Tuesday, April 28, 2009

Using inject for improved performance

I found myself wanting to know if an array had any truth values in it, and wrote a method that I was pretty proud of:
module Enumerable
  def any_true?
    inject(false) do |truth, item|
      truth || (yield item)
    end
  end
end
So now I can write
arr.any_true? {|item| some_method(item)}
Then I realized that a simpler way of expressing this is just
arr.map {|item| some_method(item)}.any?

The latter seems a lot better... its easier to understand, and uses just ruby primitives. But the first is actually still better for most cases. Why? Performance. Imagine some_method includes a database query or two... In the simple map.any? case we'll have to evaluate it for every item. But in the any_true? case we only evaluate until we find one, at which point we're done; we'll short circuit every other check and never hit the method again.

The difference can be enormouse. If I emulate this database requirement using a method that looks like:
def random_truth(likelihood)
    sleep 0.1
    rand < likelihood
  end
I can now run some tests that demonstrate the extreme difference in runtime:
>> Benchmark.realtime {10.times { (1..100).to_a.map {|i| random_truth(0.5)}.any? }}
=> 100.000391960144
>> Benchmark.realtime {10.times { (1..100).to_a.any_true? {random_truth(0.5)} }}
=> 2.00004100799561

Friday, April 17, 2009

Distributed computing and Ruby

At work, I've been spending a lot of time working on porting our log management and analysis system over from a dying mysql implementation to a new system build upon an open source distributed database (Hypertable) using distributed Map/Reduce jobs for a variety of summarization and analysis tasks.

I've been amazed and gratified to be able to do the vast majority of this work within the comfort of Ruby, my favorite language. While Hypertable is written in C++, it uses Thrift to provide ruby and other language access, and since the primary developers of Hypertable are at Zvents (a rails shop), they've created a Rails plugin called HyperRecord that allows us to access Hypertable almost identically to how you would access mysql with ActiveRecord.

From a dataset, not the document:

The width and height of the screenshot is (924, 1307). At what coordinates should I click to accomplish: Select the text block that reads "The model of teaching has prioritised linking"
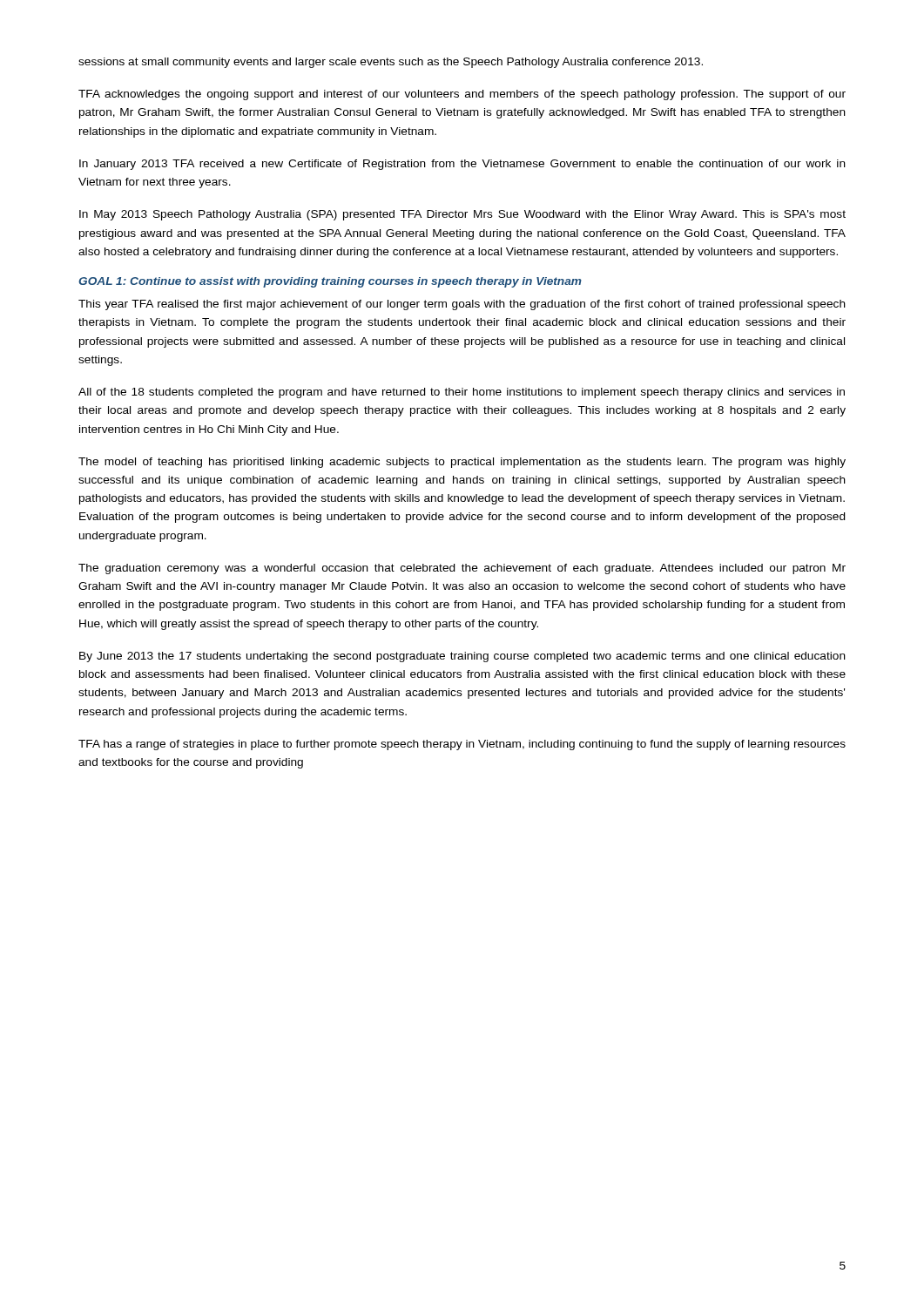pyautogui.click(x=462, y=498)
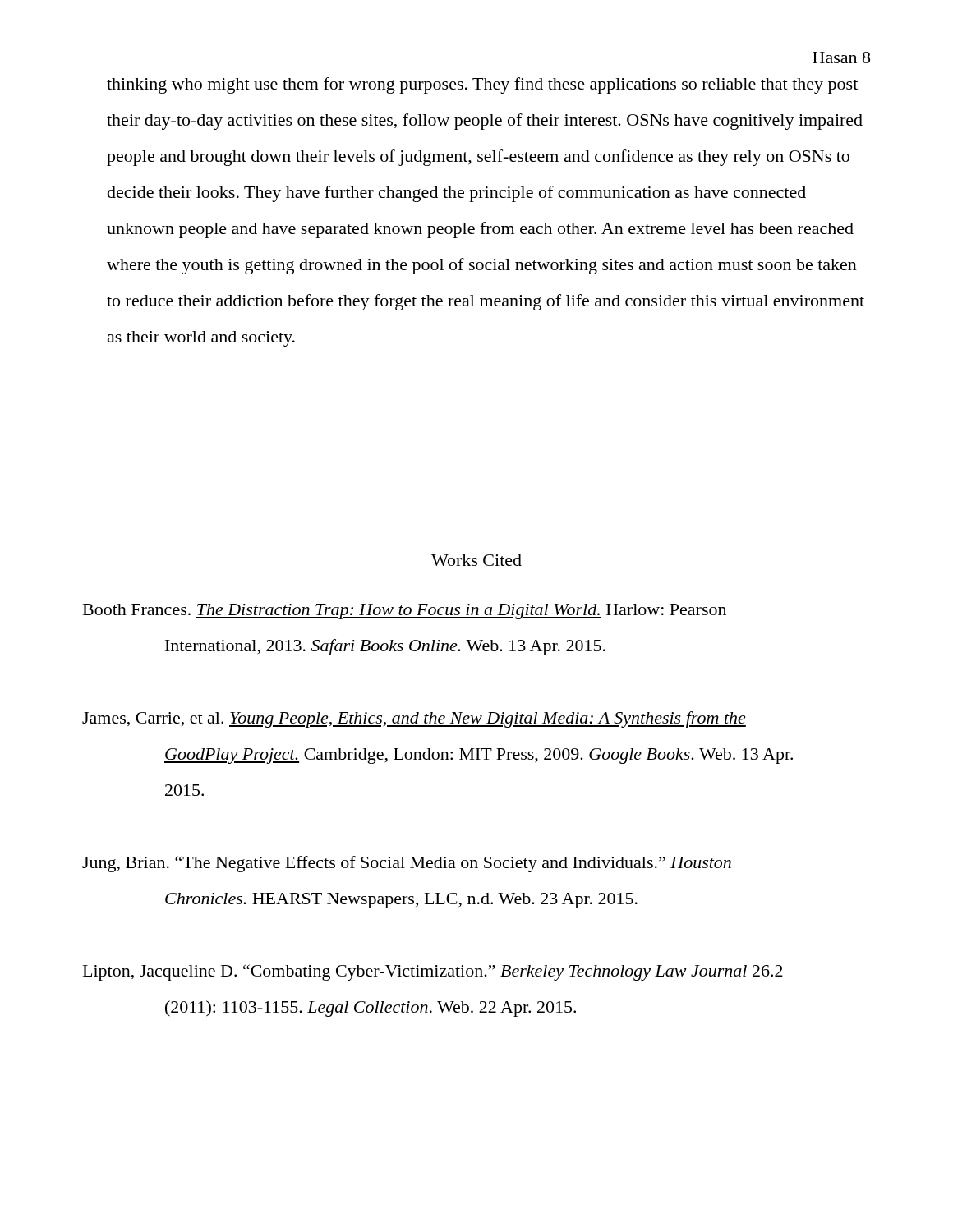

This has resulted in the ability to make the front end application for our stats & logging infrastructure a standard Rails app. Access restrictions are somewhat different in Hypertable than in a full relational database (its easiest to think of as an ordered hash... lookups by key or for a range of keys are supported, but conditions are expensive), but for most of our developers its just another rails app to work with.

The second place where I've been amazed by how much I've been able to stick to ruby is in designing and running our batched Map/Reduce jobs. We're using a framework called Cascading for designing our scalable batch workflows, built in Java and sitting on top of Hadoop. For those who aren't familiar, Hadoop is an open source implementation of Map/Reduce, written in Java, and Cascading allows for a higher-level conceptual model for parsing, analyzing, and modifying your data using Hadoop.

Cascading provides a number of built in filtering, text processing, and arithmetic map/reduce operations built in, and thanks to the wonder that is jruby, we're able to arrange our workflows entirely within ruby using Cascading.jruby. Only when we need a special operation that can't be constructed from the built-ins do we have to dip into Java.

So if you've been itching to dip your toes in the open source distributed computing revolution, but have been reluctant due to the Java heavy nature of Hadoop, take a look at HyperTable and Cascading!